Thanks to Gordon Trucking, I recently had the distinct privilege to attend the September 24 Monday Night Football game between the Seattle Seahawks and the Green Bay Packers during a business trip to Washington. That game became instantly famous for the number of bad calls by fill-in referees. As a result, the bad publicity from the game is said to have contributed to ending the NFL’s lock out of the regular referees.
Let me describe to you what I observed at the now infamous game. Keep in mind that not being a fan of either team helped me to pay close “objective” attention to the players.
Both teams were the victims of bad calls, even though I believe the Packers received more than the Seahawks. Especially blatant was the “no call” of offensive pass interference on the last play of the game which stole a victory from the Packers.
Watching the Packers, I was struck by how they reacted to calls that were unfair. There were two kinds of reactions. Half of the team reacted angrily. They jumped up and down, flailed their fists, yelled and generally carried on. In contrast, the other half of the team displayed no reaction. These players just returned to the scrimmage line and made ready for the next play. I was impressed at how they remained cool and composed in spite of the unfair calls.

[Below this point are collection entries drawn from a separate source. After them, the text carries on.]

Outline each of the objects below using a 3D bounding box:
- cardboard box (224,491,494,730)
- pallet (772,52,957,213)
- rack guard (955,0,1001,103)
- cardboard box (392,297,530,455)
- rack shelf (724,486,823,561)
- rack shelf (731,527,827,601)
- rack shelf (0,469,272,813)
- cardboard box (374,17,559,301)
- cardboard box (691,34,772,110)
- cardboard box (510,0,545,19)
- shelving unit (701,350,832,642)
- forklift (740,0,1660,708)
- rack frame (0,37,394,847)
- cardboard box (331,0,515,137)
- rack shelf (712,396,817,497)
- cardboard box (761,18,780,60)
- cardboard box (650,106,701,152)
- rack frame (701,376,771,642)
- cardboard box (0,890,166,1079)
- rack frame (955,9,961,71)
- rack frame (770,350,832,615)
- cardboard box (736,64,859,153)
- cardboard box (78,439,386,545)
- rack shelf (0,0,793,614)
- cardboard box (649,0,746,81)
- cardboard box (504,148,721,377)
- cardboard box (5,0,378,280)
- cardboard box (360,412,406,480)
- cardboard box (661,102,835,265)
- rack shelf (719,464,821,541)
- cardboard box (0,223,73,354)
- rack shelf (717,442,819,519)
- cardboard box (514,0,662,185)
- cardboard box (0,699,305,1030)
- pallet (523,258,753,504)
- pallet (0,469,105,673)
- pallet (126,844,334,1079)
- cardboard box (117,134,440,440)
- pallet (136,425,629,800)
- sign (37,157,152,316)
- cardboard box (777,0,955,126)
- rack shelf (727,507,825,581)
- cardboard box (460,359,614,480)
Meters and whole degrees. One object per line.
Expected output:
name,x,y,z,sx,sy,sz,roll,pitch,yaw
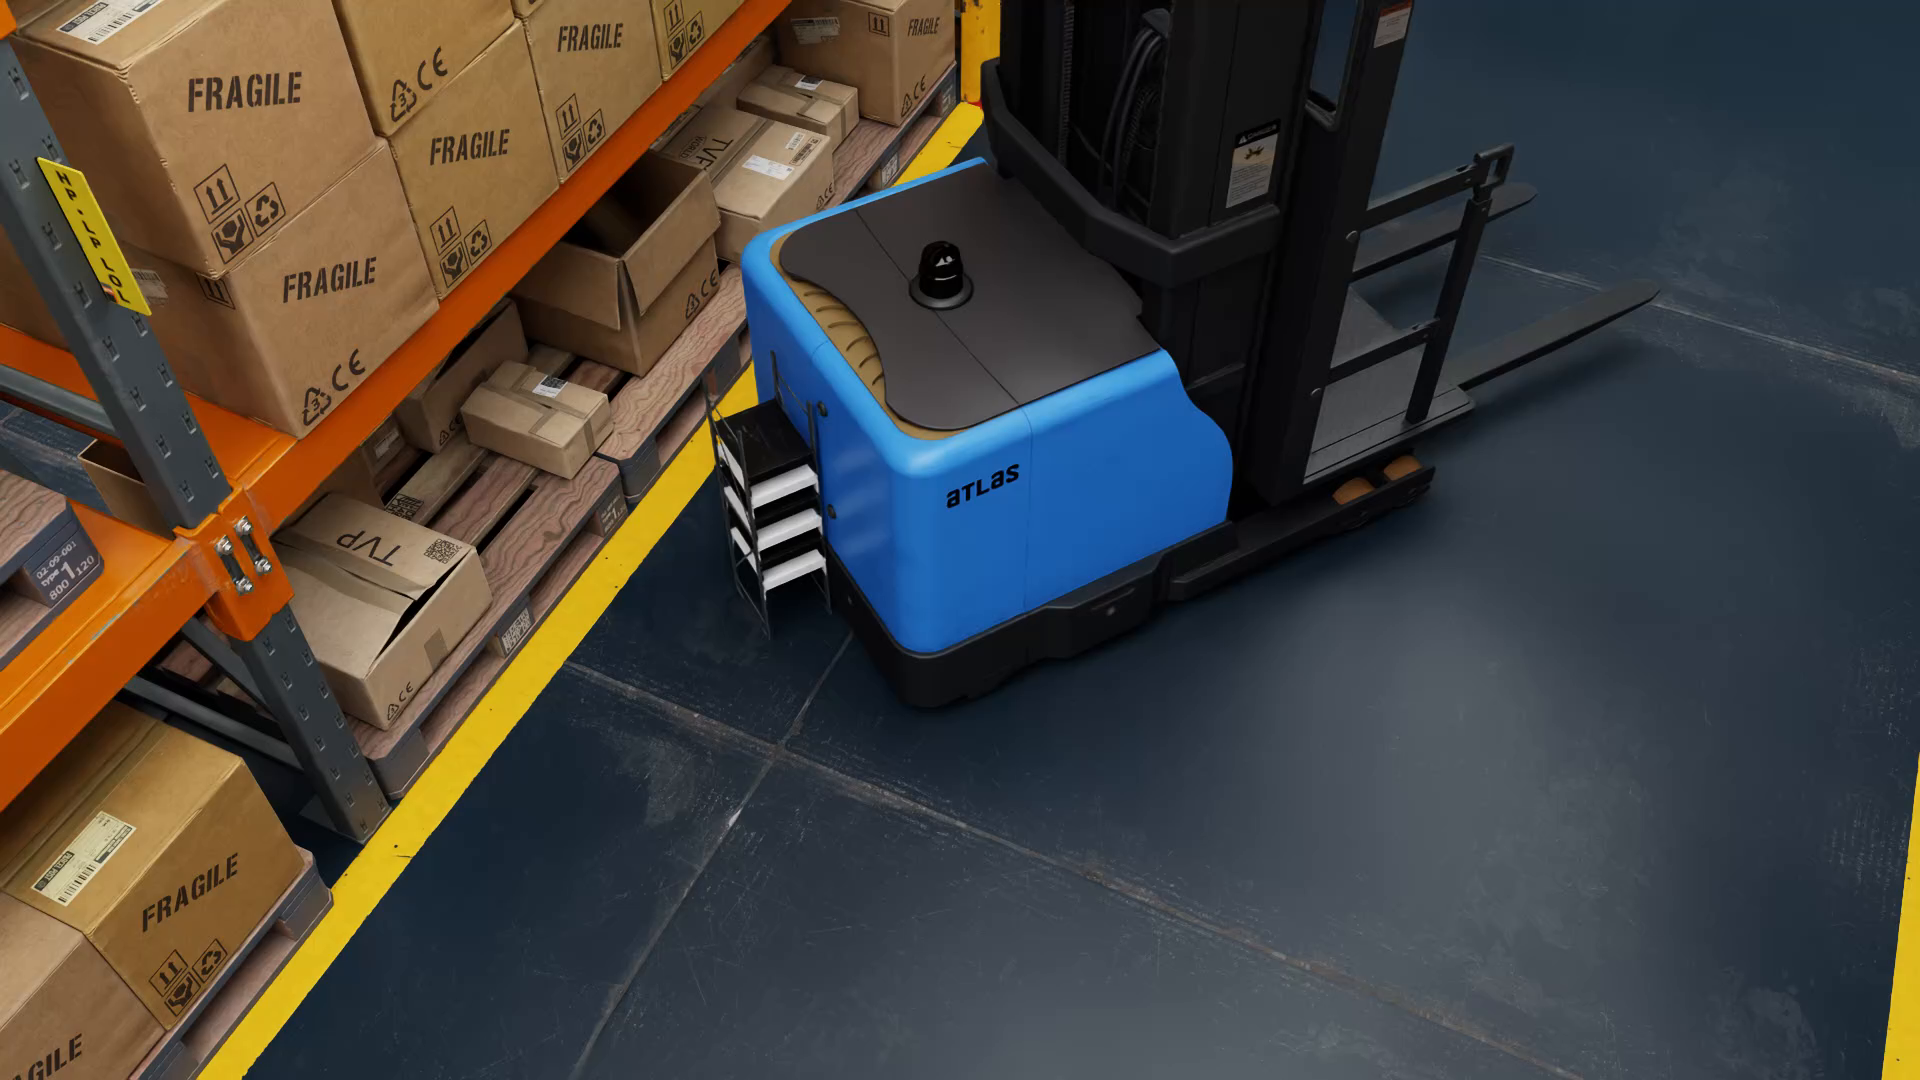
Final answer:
cardboard box,-1.675,0.169,4.613,0.500,0.311,0.500,20,52,16
pallet,-0.713,-1.590,6.465,1.003,0.211,1.213,20,52,16
rack guard,-0.374,-2.233,6.822,1.175,0.500,0.348,20,52,16
cardboard box,-1.743,-0.613,5.279,0.500,0.311,0.500,20,52,16
rack shelf,-0.540,-0.084,4.774,0.200,0.077,0.258,-24,54,-19
rack shelf,-0.540,0.033,4.911,0.200,0.077,0.258,-24,54,-19
rack shelf,-2.904,1.269,2.673,1.077,0.370,4.000,20,52,16
cardboard box,-1.370,-0.989,4.057,0.500,0.500,0.500,21,53,17
cardboard box,-1.044,-1.720,6.261,0.500,0.250,0.500,20,52,16
cardboard box,-1.154,-1.640,3.953,0.500,0.500,0.500,18,52,15
shelving unit,-0.540,-0.105,4.749,0.210,0.900,0.258,-24,54,-19
forklift,0.920,-1.313,4.443,3.031,2.935,1.130,-24,54,-19
rack frame,-2.050,-0.341,3.571,1.000,3.000,0.127,20,52,16
cardboard box,-1.374,-1.286,3.652,0.500,0.500,0.500,18,52,15
rack shelf,-0.540,-0.259,4.568,0.200,0.077,0.258,-24,54,-19
cardboard box,-0.938,-1.971,6.529,0.380,0.166,0.250,20,52,16
cardboard box,-1.257,-1.376,5.968,0.500,0.250,0.500,20,52,16
rack frame,-0.628,-0.067,4.716,0.006,0.900,0.240,-24,54,-19
cardboard box,-2.221,1.097,3.699,0.500,0.500,0.500,20,52,16
rack frame,-0.341,-3.095,5.914,1.000,3.000,0.127,20,52,16
rack frame,-0.452,-0.144,4.781,0.006,0.900,0.240,-24,54,-19
cardboard box,-0.605,-1.616,6.227,0.380,0.166,0.250,20,52,16
cardboard box,-2.063,-0.158,4.767,0.500,0.500,0.500,20,52,16
rack shelf,-1.196,-1.485,5.016,1.077,0.370,4.000,20,52,16
cardboard box,-0.938,-1.684,4.647,0.500,0.500,0.500,19,52,16
cardboard box,-1.252,-0.970,5.456,0.797,0.503,0.637,20,52,16
cardboard box,-1.594,-0.930,3.350,0.500,0.500,0.500,21,53,17
cardboard box,-1.957,-0.322,5.138,0.380,0.149,0.250,20,52,16
cardboard box,-0.784,-1.248,5.859,0.500,0.250,0.500,20,52,16
rack shelf,-0.540,-0.142,4.705,0.200,0.077,0.258,-24,54,-19
cardboard box,-2.068,-0.801,3.896,0.500,0.500,0.500,21,53,17
rack shelf,-0.540,-0.200,4.637,0.200,0.077,0.258,-24,54,-19
cardboard box,-1.154,-1.333,4.349,0.500,0.500,0.500,20,52,16
cardboard box,-2.002,0.760,3.987,0.500,0.500,0.500,20,52,16
pallet,-1.236,-0.753,5.752,1.003,0.211,1.213,20,52,16
pallet,-2.490,0.236,3.206,1.003,0.211,1.213,20,52,16
pallet,-2.363,1.135,4.146,1.003,0.211,1.213,20,52,16
cardboard box,-1.586,-0.636,3.756,0.500,0.500,0.500,21,53,17
pallet,-1.756,0.090,5.035,1.003,0.211,1.213,20,52,16
sign,-1.547,-0.538,2.978,0.100,0.325,0.005,20,52,16
cardboard box,-0.351,-1.973,6.312,0.500,0.500,0.500,20,52,16
rack shelf,-0.540,-0.025,4.843,0.200,0.077,0.258,-24,54,-19
cardboard box,-1.315,-0.383,5.178,0.380,0.166,0.250,20,52,16

After a few of these I began to recognize a trend. The emotionally involved players invariably did badly in the next play following the bad calls. They caused a penalty or just failed to execute well. The players that kept their cool played better.
Every Packer on the field was a professional, but the ones who did not overreact were more professional than the others. Now, consider how professionalism among Fleet Managers is equally important.
Fleet Managers are professionals who have developed an admirable skill set. Time management, multi-tasking, problem-solving and planning are obvious skills. Diplomacy and tact, straight forward communication, and awareness of one’s impact on different personalities are the higher developed skill sets that take a lifetime to perfect.
The ability to stay above the fray emotionally is a critical success factor in Fleet Manager‘s effectiveness. In the normal course of a day drivers will sometimes get mad at a Fleet Manager for something that is not the manager’s fault. The real pros don’t get caught up in whose fault it was. They stay focused on what needs to be done.
When you see one of your Fleet Managers taking the high road and demonstrating cool professionalism, show them some fan appreciation. They deserve it.